The machine has dual 252 (single core) opterons on a Tyan S2895 (aka K8WE) board with fully populated RAM (16GB) and BIOS v1.04 from 12/06. The power supply is a Silverstone ST-65ZF 650W. Tyan published BIOS 1.05 this month but I hesitate to use that because of serious problem reports. I upgraded from a single 6800GT to now dual 7900GSes. The 6800GT was rock stable, using BIOS 1.01T, and the 1.0.8776 driver. The second 7900GS required an upgrade of the BIOS to be recognized properly, and is connected to the first via a SLI bridge.
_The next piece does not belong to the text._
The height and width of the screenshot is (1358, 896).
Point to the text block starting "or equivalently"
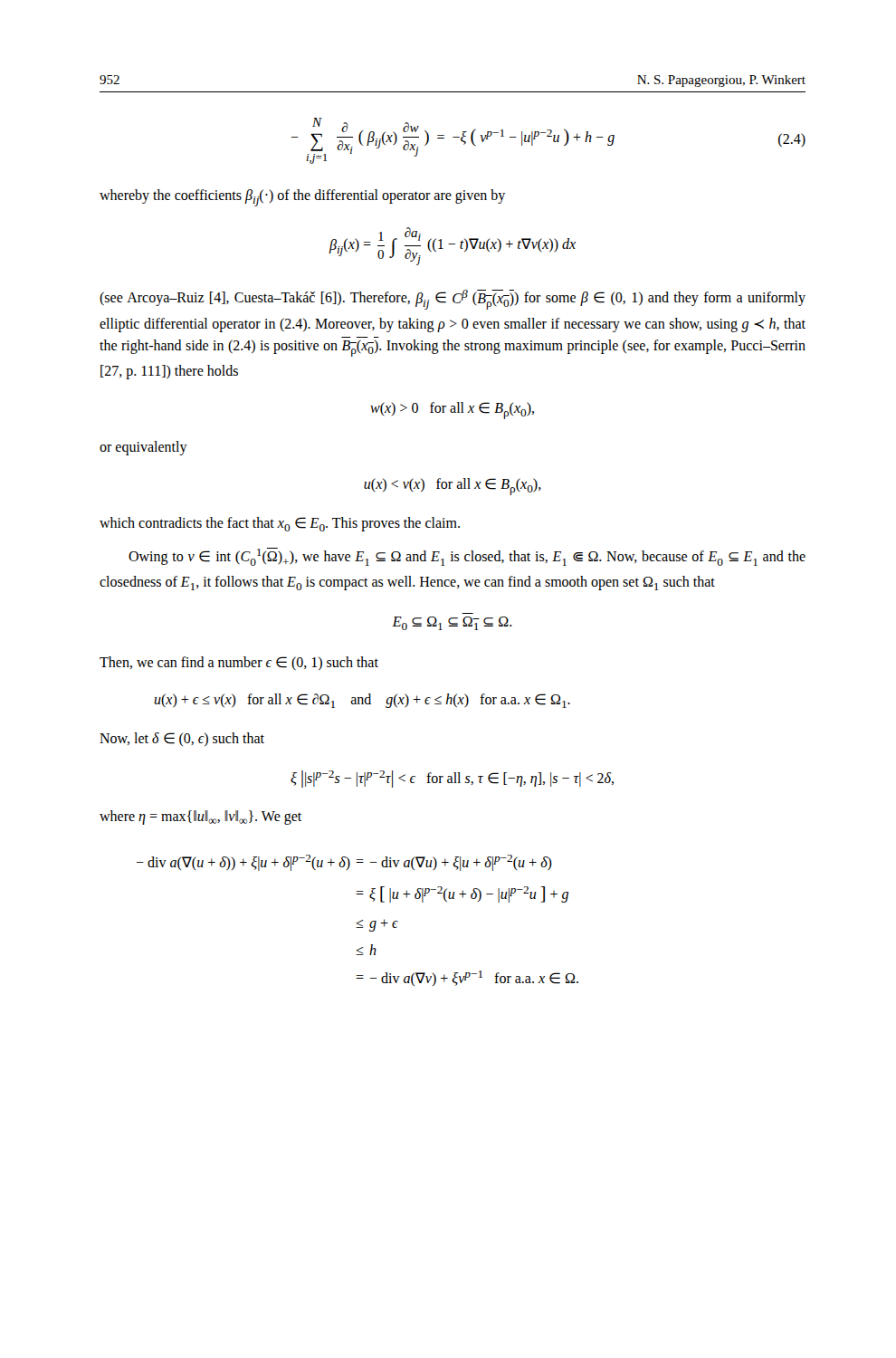[143, 447]

The upgrade is mostly a test to check the viability of using high end Quadros in SLI for our work group.
I run Gentoo 2.6.20-r8 in 64bit, and now one of the latest nvidia drivers, 100.14.09. Enabling SLI via the xorg.conf option line in any of the SLI modes seems to work as reported by Xorg.0.log and nvidia-settings. The problem appears at times when a new opengl rendered window is displayed, seemingly at random instances. Then CPU usage of X goes to 100% quickly and X becomes completely unresponsive, to the point of not responding to keyboard events. The system keeps running and I can log in remotely. Killing the X server and the opengl application does not reenable the display or keyboard, the only recourse is to shutdown. Init works most the time if issued within minutes after the incident, so I can often safely shutdown.
In Auto or AFR SLI mode, this happens often enough to make the system not useful. Sofar it happened at a 100% rate if the SLI mode is set to SFR.
dmesg does not have a "PCI: Using MMCONFIG" line, so no problem in respect, I gather.
In the Xorg.0.log I once observed lines beginning
(WW) NVIDIA(0): WAIT ...
at the time of the incident. But in most cases there are no messages in this log or in the kernel log at the time of the freeze.
Some other problem required me to use the kernel command line option noexec=off. http://gentoo-wiki.com/HOWTO_nVidia_...or_OpenGL_apps
recommends to enable a noexecute bit in the BIOS because it interferes with the nvidia driver. Is that correct, or a possible remedy ?
As I did not observe any SLI performance increase, when it works, with the opengl apps I use, we may end up not using a dual setup, in any case. A single 7900GS works fine and provides a tiny bit of a performance increase, felt 10%, vs. the 6800GT. Stability is much more important than SLI. We may be able to test a Quadro as well in the near future.
I am grateful for comments or tips, kernel, bios or driver related, anybody may have.